• **Exercise details**: Among the lines below, tally those that hold "degrees". Return the number and nothing more.
━━━━━━━━━━
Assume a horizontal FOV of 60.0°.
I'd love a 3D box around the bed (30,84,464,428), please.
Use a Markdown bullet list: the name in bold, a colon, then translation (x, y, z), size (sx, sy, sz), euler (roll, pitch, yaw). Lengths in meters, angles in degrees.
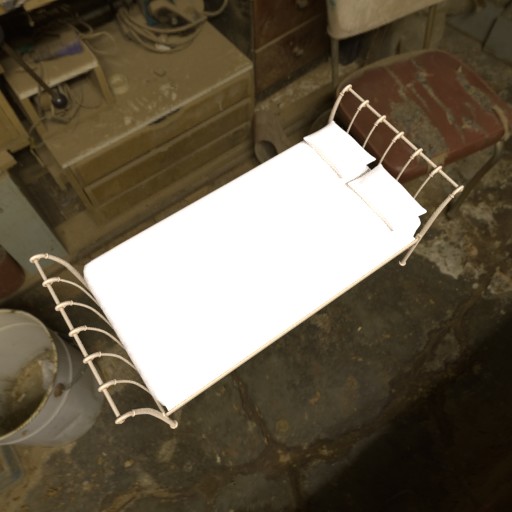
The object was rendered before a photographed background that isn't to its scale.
- **bed**: translation (0.000, 0.000, 2.817), size (2.228, 0.873, 1.032), euler (-32, 68, -15)
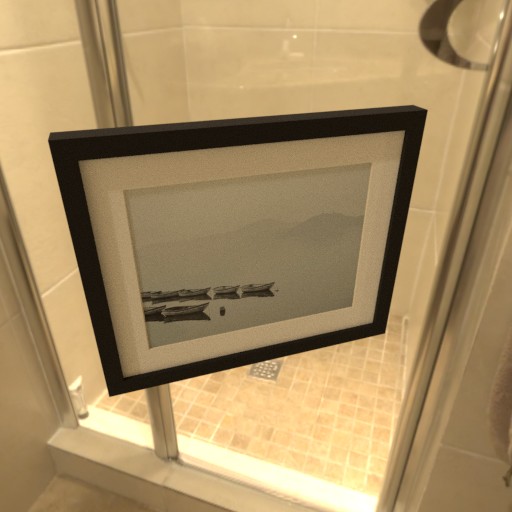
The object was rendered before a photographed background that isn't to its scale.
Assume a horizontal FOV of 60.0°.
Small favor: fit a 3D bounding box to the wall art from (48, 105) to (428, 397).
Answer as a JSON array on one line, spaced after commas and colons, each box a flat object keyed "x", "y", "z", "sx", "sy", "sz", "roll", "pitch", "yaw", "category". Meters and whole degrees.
━━━━━━━━━━
• **Problem solution**: 2